CIÊNCIA E FUNÇÃO PÚBLICA
Sei que sou um ignorante nesta como em muitas matérias, mas longos anos a olhar o mundo dão-me o direito de achar que estou no direito de opinar.
Falo de ciência e cientistas.
Olhando à volta, vemos e admiramos pelo mundo fora os cientistas que criam novas formas de ver as coisas e melhorar o mundo. No melhor dos sentidos, é gente cuja pátria é o trabalho, isto é, que “vende” o seu pensamento e as suas capacidades a quem melhores condições de realização lhes oferecer. Daí que, de projecto em projecto, de bolsa em bolsa, de financiamento em financiamento, de universidade em universidade, de laboratório em laboratório, se vão impondo e pondo o que descobrem e inventam à disposição do mercado, dos governos, da espécie humana e do planeta. São, de certa forma, o contrário do funcionário que, mesmo que com alta competência, goza de carreira estável, cumpre regras que outros criaram ou segue rotinas que lhe permitem “progredir na carreira”. Cientistas são gente que progride à própria custa, que impõe aos outros o que vale, que vai, step by step, construindo a sua vida. Tiro-lhes o chapéu.

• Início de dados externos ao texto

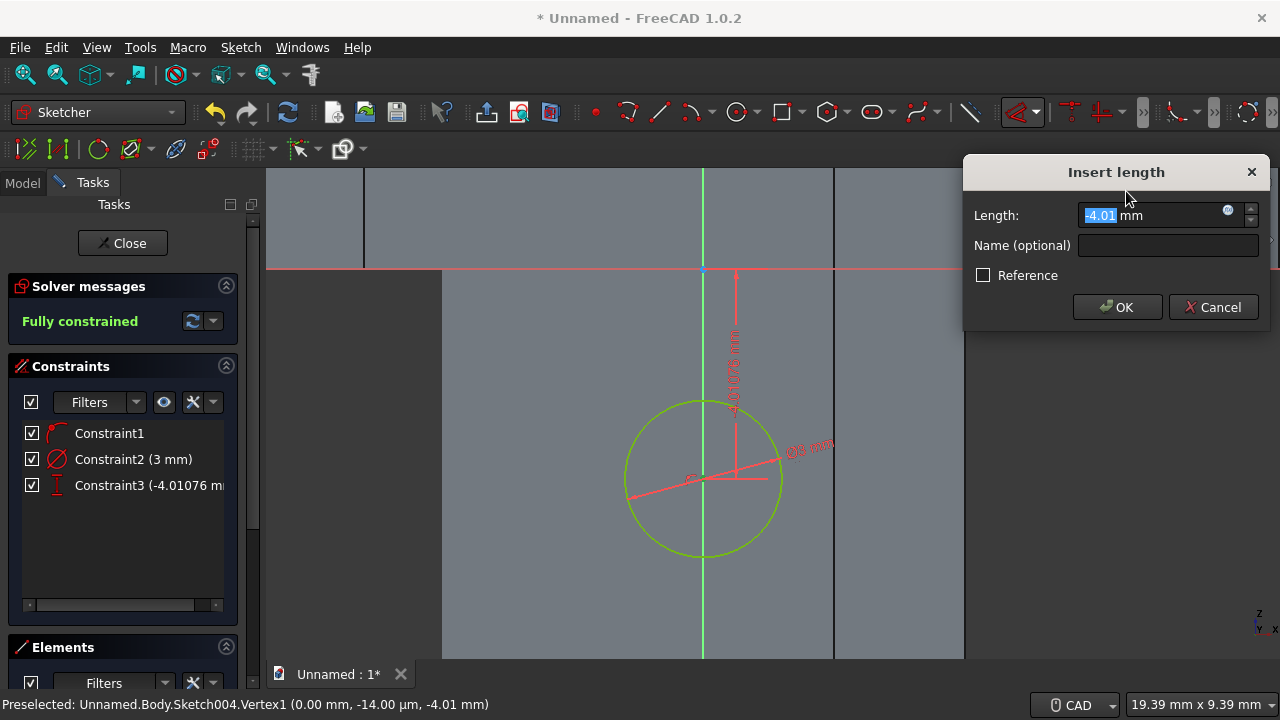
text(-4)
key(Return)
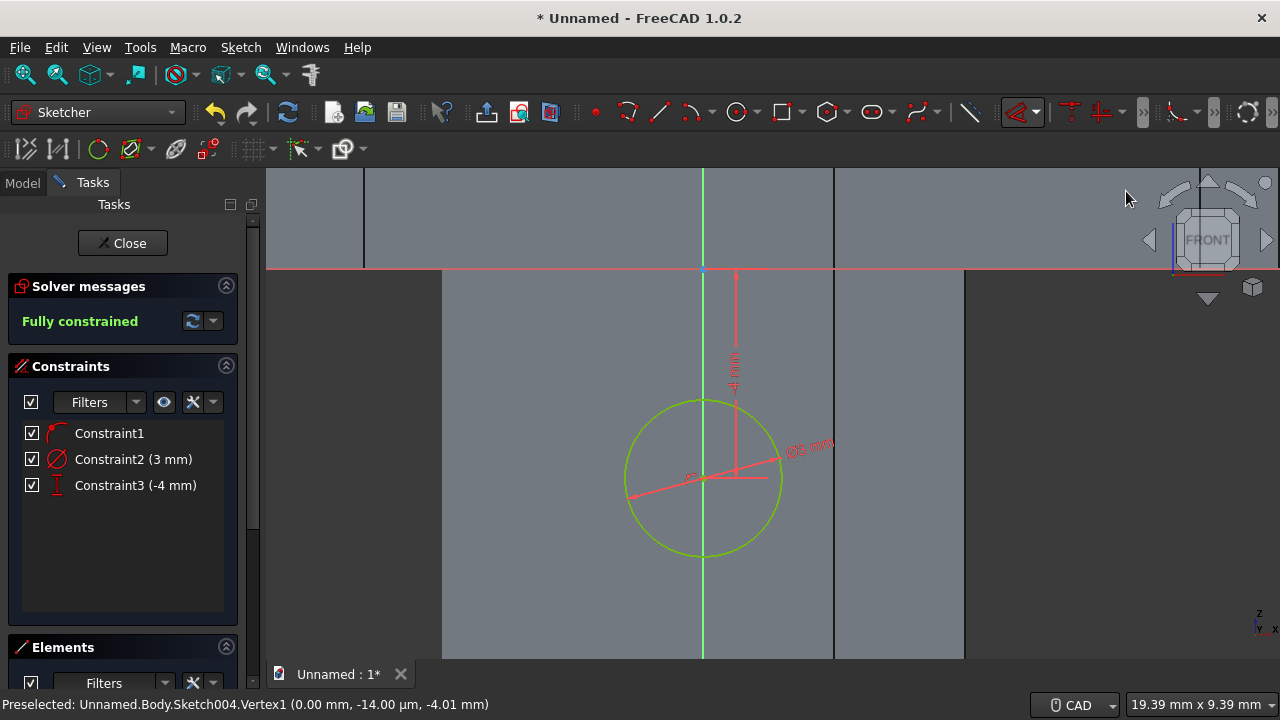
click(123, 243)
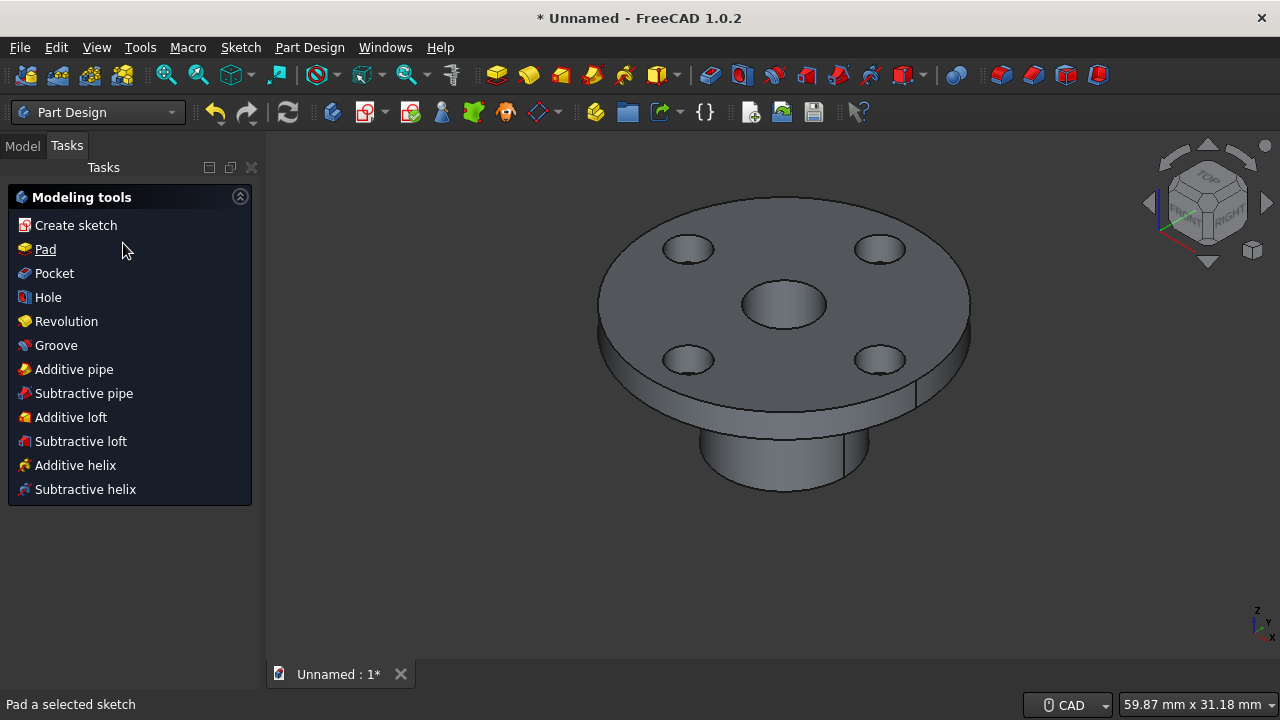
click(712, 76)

Por cá, o chamado governo faz o contrário. O chamado ministro competente na matéria anuncia, orgulhoso, que vai meter 2.000 cientistas na função pública. Dois mil eventuais ou actuais bolseiros passam a funcionários. Não se trata de lhes proporcionar protecção social em caso de azar ou paragem entre projectos. Trata-se de os levar a abandonar uma vida de sucesso e de risco em favor do olímpico descanso que uma “carreira” sem sobressaltos lhes proporcionará para o resto dos seus dias.
Política científica que jamais terá passado pela cabeça do justamente tão celebrado ministro Mariano Gago, por muito socialista que fosse. Mais uma originalidade do nosso tão original chamado governo.
25.3.16
PS. Já este post estava encerrado, dou com uma precisão noticiosa. A “funcionarização” não é só para cientistas propriamente ditos, mas para as bolsas pós-doutoramento. Um bodo: ganhe uma bolsa, terá emprego para toda a vida e mais seis meses!